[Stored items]

· · ·

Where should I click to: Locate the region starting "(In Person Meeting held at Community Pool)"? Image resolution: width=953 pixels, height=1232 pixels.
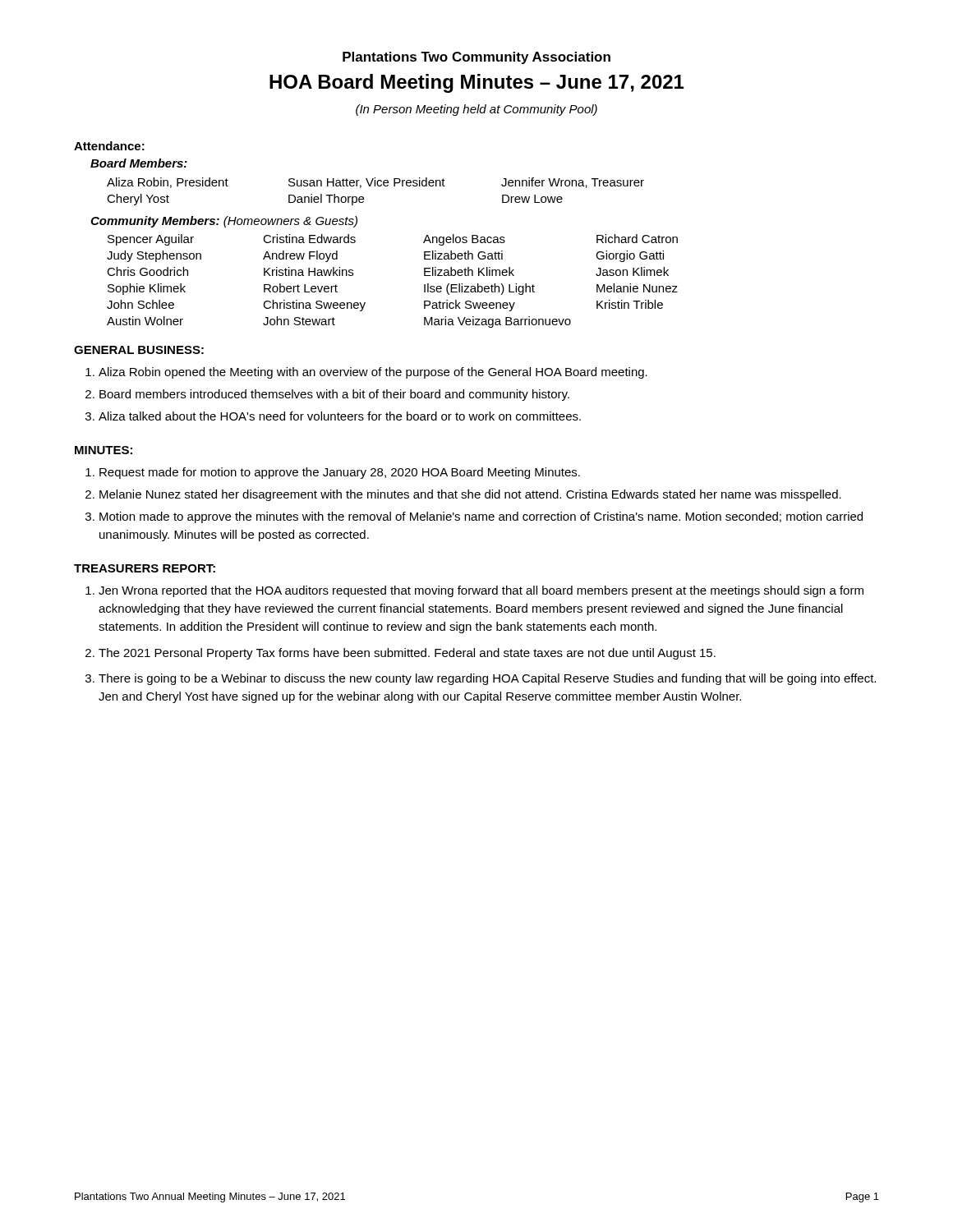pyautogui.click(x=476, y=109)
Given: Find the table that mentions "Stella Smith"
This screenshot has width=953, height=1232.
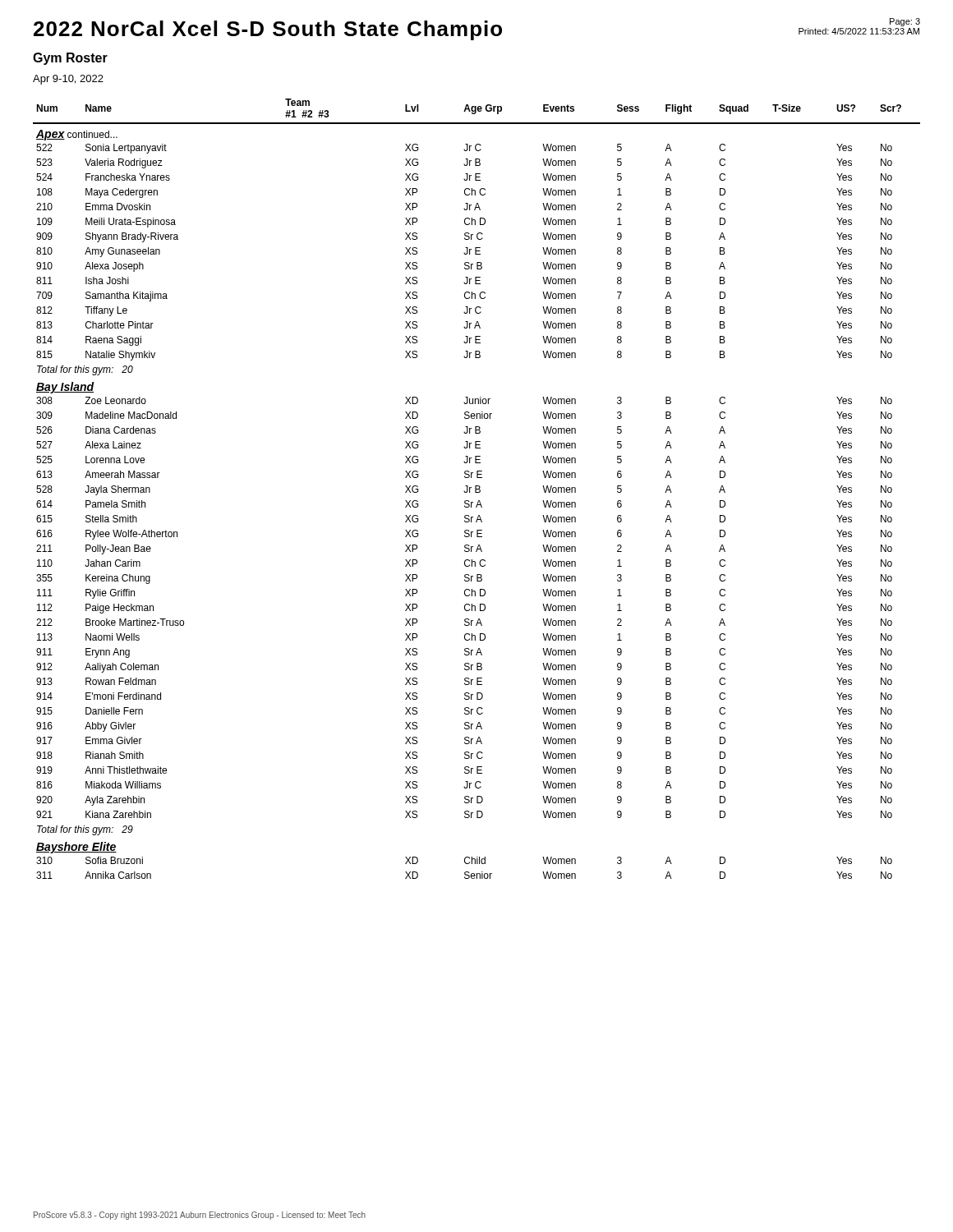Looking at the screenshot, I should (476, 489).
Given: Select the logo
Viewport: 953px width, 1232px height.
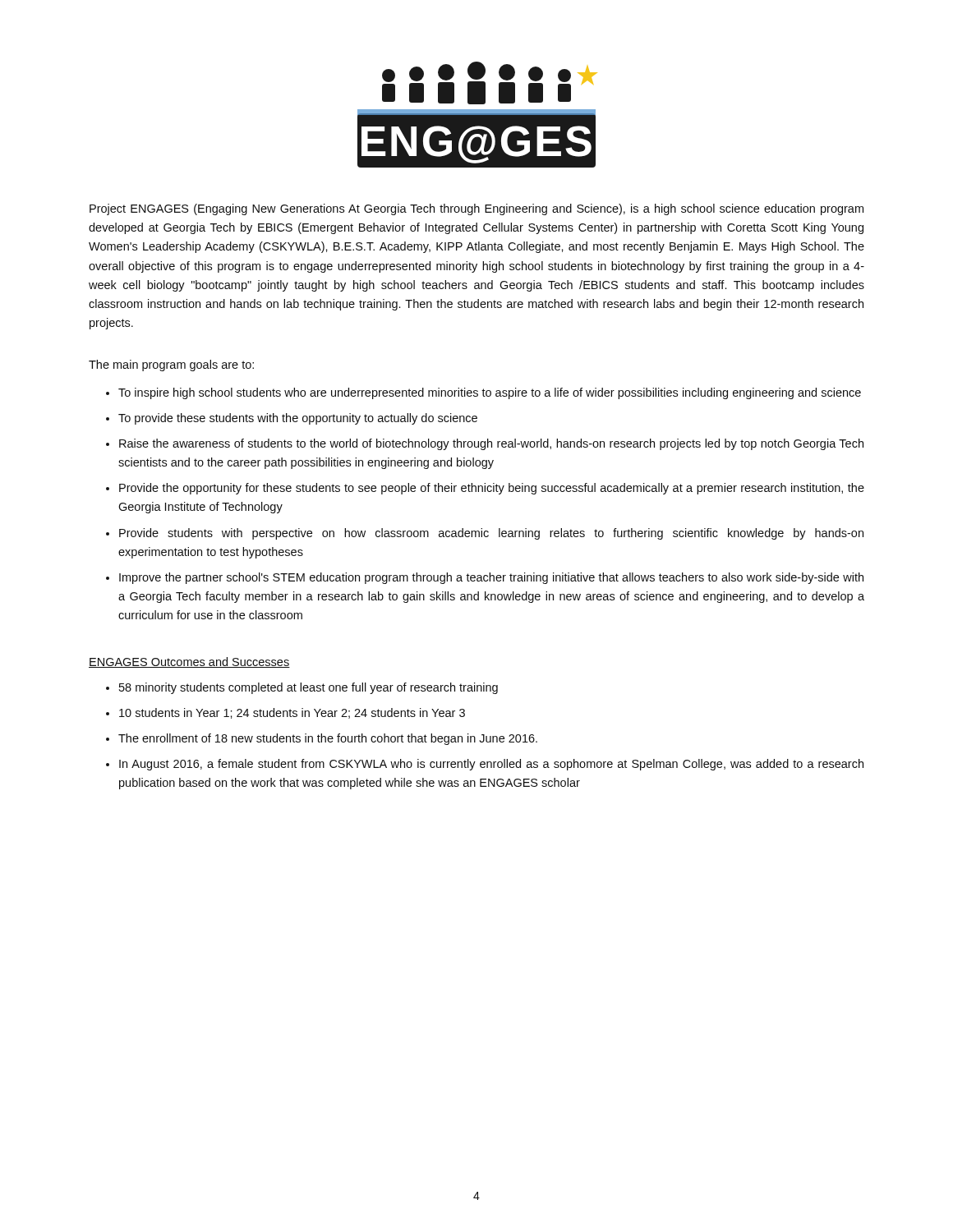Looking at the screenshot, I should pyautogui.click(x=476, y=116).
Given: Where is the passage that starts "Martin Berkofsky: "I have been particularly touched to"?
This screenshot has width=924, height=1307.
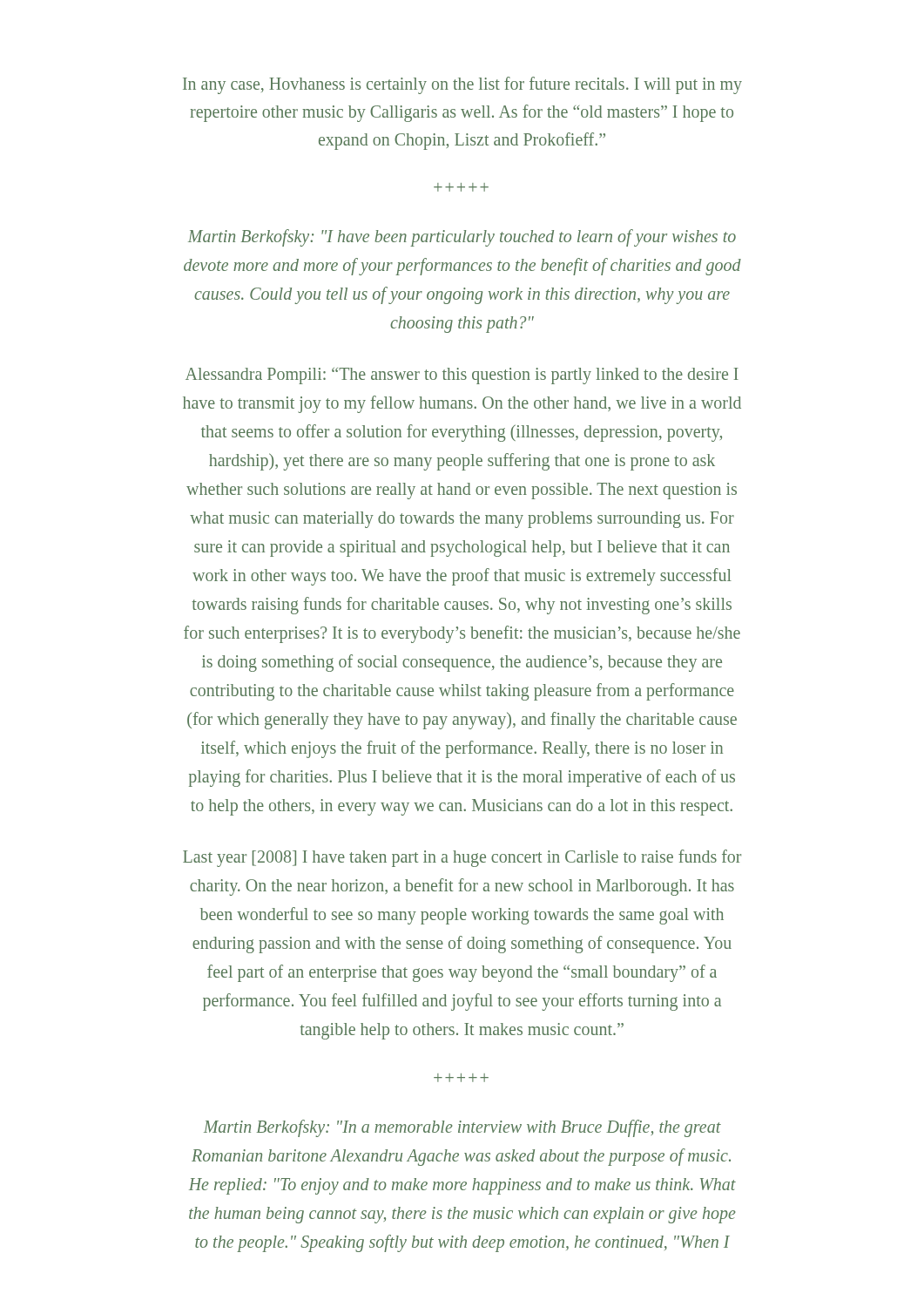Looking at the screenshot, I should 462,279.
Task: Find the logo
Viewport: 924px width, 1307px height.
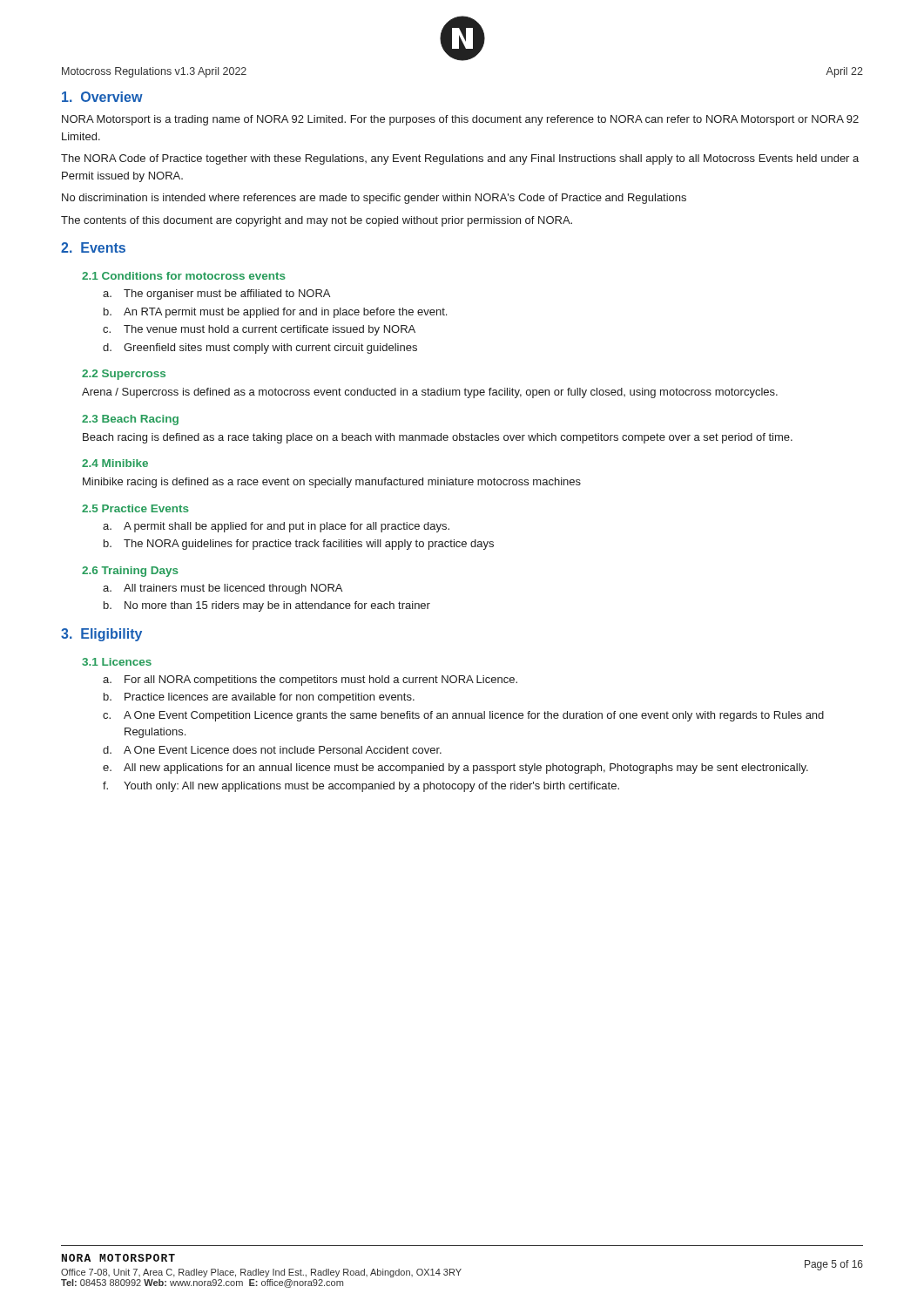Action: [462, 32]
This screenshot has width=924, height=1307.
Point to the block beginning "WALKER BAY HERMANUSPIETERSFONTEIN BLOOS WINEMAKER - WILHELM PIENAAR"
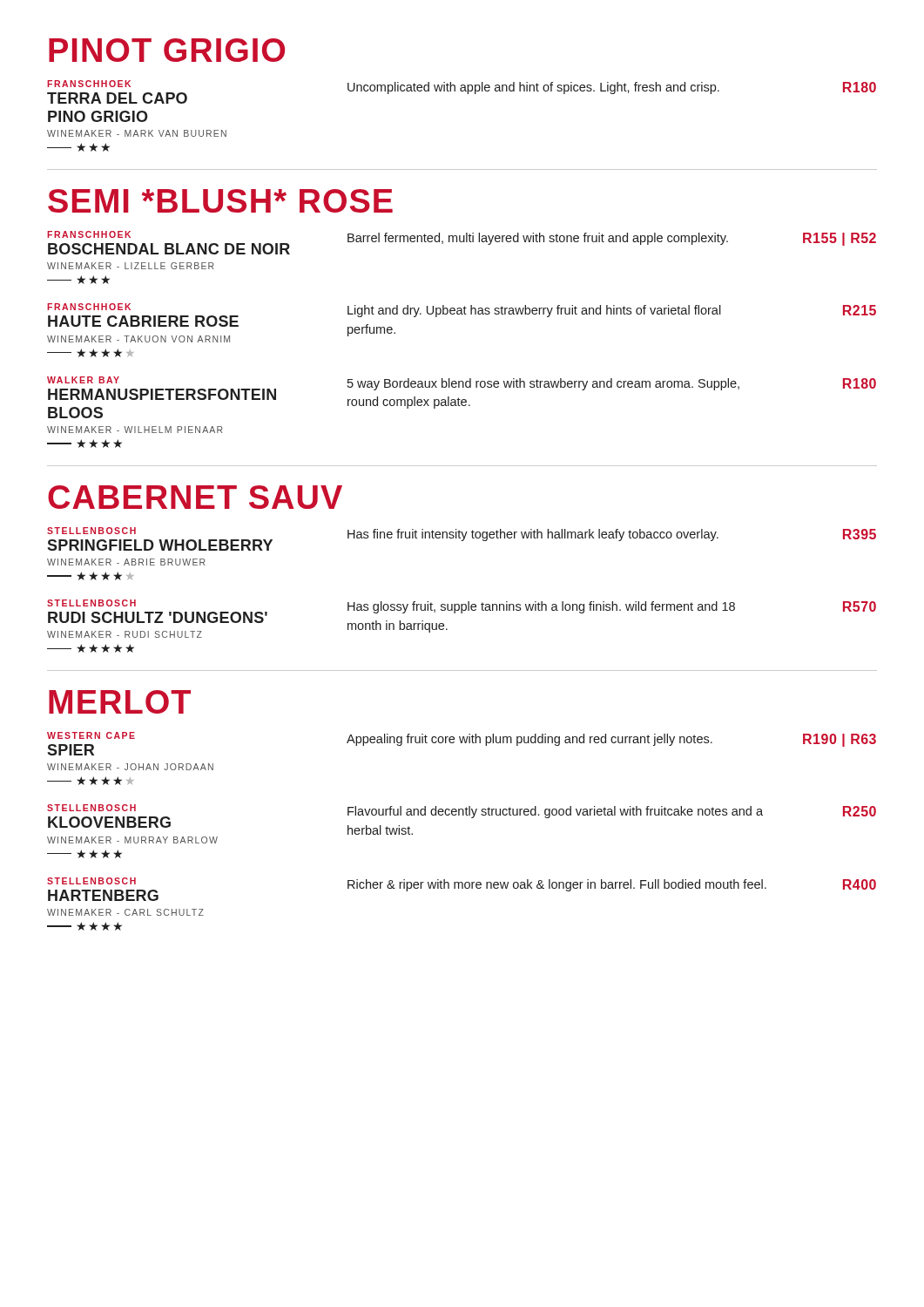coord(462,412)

· · ·

### Exercise directions
Please repeat, exactly as written, only the lines from the line with "Given: Find the" to the end of the data, leaving out every picture.

### Final answer
Given: Find the table that mentions "Stella Smith"
This screenshot has width=953, height=1232.
Looking at the screenshot, I should (476, 489).
Given: Select the logo
Viewport: 953px width, 1232px height.
Looking at the screenshot, I should pyautogui.click(x=476, y=116).
Given: Where is the passage that starts "Martin Berkofsky: "I have been particularly touched to"?
This screenshot has width=924, height=1307.
Looking at the screenshot, I should 462,279.
Task: Find the logo
Viewport: 924px width, 1307px height.
Action: [462, 32]
This screenshot has width=924, height=1307.
Point to the block beginning "WALKER BAY HERMANUSPIETERSFONTEIN BLOOS WINEMAKER - WILHELM PIENAAR"
coord(462,412)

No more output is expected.